How it works: MaskViT consists of an image tokenizer (VQ-GAN, a discrete variational autoencoder) and a transformer. The authors trained and tested it on three video datasets: RoboNet (15 million frames that depict robotic arms interacting with objects), BAIR (a smaller dataset that shows a robot pushing things on a table top), and KITTI (57 videos recorded from a car driving on roads in Germany). The model generated 10 to 25 video frames, depending on the dataset, following between one and five initial frames, depending on the dataset.

  • The authors trained VQ-GAN to reconstruct video frames. Given all frames in a video, the trained VQ-GAN encoder tokenized each frame into a 16x16 grid of tokens.
  • The system randomly masked from 50 percent to almost 100 percent of tokens.
  • The transformer processed the tokens through two alternating types of layers, each a modified version of the base transformer layer. The first type learned spatial patterns by applying self-attention to each of 16 sequential frames (16x16 tokens) individually. The second type learned temporal patterns by limiting attention to a window of 4x4 tokens across the frames.
  • The loss function encouraged the model to generate masked tokens correctly.
  • Inference proceeded gradually, in 7 to 64 forward passes, depending on the dataset. In each forward pass, the model received tokens that represent the initial frame(s) plus tokens it had predicted so far. It predicted a fixed percentage of remaining masked tokens. The process repeated until all tokens were predicted.
  • The VQ-GAN decoder turned the tokens back into frames.
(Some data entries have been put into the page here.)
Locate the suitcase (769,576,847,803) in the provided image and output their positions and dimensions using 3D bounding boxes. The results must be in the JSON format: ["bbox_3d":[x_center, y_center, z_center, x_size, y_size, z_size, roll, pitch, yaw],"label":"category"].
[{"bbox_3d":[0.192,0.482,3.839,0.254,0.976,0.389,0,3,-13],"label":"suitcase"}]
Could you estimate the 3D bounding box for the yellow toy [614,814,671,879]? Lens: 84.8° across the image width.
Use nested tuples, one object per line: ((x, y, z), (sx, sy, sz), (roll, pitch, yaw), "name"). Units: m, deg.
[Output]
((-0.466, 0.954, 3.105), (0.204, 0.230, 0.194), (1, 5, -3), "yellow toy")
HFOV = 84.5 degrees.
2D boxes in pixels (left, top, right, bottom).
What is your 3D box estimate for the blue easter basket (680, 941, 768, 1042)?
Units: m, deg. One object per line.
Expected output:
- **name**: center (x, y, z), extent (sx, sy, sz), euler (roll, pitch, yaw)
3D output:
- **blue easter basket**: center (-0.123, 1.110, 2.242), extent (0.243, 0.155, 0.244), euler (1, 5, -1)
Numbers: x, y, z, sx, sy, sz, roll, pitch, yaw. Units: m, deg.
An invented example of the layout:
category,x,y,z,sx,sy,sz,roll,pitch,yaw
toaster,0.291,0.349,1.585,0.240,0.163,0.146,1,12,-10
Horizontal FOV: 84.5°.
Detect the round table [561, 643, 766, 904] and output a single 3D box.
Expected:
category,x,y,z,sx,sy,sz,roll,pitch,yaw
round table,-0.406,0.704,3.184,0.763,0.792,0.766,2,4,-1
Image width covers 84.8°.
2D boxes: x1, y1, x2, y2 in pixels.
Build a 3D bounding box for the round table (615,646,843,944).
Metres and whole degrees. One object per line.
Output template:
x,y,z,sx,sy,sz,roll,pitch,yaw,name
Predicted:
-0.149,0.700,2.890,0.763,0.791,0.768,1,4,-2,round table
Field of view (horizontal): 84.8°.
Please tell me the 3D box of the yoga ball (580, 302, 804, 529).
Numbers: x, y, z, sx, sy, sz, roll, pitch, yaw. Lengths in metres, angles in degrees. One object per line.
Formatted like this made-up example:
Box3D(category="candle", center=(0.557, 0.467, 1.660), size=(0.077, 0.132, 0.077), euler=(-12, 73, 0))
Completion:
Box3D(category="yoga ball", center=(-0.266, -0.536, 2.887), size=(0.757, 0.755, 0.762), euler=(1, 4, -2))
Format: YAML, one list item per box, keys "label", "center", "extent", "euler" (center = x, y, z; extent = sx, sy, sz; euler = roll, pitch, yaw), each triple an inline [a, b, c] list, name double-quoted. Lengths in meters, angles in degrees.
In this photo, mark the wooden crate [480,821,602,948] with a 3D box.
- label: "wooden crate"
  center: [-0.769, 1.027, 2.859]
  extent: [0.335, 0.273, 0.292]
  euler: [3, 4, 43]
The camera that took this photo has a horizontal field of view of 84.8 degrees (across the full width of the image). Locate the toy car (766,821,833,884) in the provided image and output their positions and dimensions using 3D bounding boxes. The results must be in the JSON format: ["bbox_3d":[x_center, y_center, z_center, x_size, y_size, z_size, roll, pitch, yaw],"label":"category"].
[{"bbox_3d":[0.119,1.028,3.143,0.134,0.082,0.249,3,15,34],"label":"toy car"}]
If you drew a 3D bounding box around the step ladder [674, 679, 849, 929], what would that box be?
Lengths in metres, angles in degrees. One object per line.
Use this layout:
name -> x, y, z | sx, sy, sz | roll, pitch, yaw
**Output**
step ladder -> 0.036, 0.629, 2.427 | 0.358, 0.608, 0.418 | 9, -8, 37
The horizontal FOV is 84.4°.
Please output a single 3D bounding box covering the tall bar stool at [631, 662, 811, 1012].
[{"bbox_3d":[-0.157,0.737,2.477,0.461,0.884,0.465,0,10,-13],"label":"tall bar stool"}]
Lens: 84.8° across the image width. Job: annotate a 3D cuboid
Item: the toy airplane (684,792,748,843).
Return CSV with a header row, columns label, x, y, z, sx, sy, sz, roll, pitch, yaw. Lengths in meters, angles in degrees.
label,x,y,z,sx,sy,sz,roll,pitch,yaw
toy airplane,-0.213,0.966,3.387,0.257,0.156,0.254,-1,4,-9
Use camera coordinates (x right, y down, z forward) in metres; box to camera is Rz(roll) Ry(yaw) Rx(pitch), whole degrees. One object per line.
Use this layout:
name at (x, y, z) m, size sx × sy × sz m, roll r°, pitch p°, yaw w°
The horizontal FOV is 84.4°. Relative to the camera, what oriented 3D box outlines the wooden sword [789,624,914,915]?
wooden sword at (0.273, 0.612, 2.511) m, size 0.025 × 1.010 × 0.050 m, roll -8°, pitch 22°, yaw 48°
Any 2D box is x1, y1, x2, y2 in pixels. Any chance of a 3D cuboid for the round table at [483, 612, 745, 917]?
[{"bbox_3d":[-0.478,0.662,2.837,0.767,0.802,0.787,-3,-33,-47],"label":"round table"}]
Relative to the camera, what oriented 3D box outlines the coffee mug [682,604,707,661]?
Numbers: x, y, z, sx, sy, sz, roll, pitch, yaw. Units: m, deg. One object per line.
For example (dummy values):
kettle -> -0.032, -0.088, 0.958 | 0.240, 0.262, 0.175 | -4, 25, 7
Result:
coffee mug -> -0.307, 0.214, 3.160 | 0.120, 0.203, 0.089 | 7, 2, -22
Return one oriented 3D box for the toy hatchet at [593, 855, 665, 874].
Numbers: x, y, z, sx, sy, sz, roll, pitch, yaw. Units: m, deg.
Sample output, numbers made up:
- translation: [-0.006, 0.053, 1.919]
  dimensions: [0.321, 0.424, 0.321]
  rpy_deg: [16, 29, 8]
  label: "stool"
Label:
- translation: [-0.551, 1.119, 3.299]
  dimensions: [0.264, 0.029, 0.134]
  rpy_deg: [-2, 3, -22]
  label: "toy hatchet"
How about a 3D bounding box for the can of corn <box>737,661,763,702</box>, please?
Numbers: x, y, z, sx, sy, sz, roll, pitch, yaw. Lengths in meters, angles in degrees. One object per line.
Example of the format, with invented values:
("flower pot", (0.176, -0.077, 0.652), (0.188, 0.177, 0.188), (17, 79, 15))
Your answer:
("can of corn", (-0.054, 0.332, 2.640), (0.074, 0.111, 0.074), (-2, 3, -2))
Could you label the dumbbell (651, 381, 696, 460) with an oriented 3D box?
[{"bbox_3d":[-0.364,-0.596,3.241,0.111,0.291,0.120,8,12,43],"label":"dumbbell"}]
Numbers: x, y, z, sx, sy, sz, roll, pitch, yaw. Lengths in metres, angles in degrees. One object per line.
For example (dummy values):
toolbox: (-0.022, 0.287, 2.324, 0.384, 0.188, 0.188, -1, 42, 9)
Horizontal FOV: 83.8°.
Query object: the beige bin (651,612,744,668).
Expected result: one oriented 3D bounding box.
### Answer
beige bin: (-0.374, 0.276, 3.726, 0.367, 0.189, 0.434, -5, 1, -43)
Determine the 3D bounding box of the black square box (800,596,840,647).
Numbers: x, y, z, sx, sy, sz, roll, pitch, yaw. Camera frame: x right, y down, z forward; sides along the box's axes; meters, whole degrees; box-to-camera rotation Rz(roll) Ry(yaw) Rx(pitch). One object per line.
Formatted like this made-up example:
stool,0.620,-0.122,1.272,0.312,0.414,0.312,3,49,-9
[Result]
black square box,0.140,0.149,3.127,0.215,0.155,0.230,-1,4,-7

Results: The authors compared their model’s efficiency at inference with that of earlier transformer-based approaches. On BAIR, for instance, MaskViT required 24 forward passes to generate 15 frames, while the previous state of the art, VT, needed 3,840. With respect to its predictive ability, on BAIR, MaskViT achieved 93.7 Fréchet Video Distance (FVD), a measure of how well a generated distribution resembles the original distribution, for which lower is better. That’s better than VT (94.0 FVD) and roughly equal to the best non-transformer approach, FitVid (93.6 FVD). On the more complicated RoboNet dataset, MaskViT achieved 133.5 FVD, while FitVid achieved 62.5 FVD. (VT results on that dataset are not reported.)

Yes, but: The authors compared numbers of forward passes at inference, but they didn’t compare processing time. Different models take different amounts of time to run, so there’s no guarantee that a smaller number of forward passes takes less time. That said, given differences between the options for hardware, machine learning libraries, and programming languages, it would be hard to compare execution speeds directly.

Why it matters: While the reduction of forward passes is notable, the authors also came up with an interesting way to improve output quality. During inference, 100 percent of the tokens to be generated start out missing and fill in slowly over the generation process. However, in the typical training practice, which masks a fixed percentage of tokens, the model never encounters such a large percentage of missing tokens. Instead, during training, the authors masked a variable portion of tokens up to 100 percent. This procedure better aligned the tasks during training and inference, which yielded better results.

We’re thinking: Giving robots the ability to predict visual changes could make for a generation of much safer and more capable machines. We look forward to future work that integrates this capability with planning algorithms.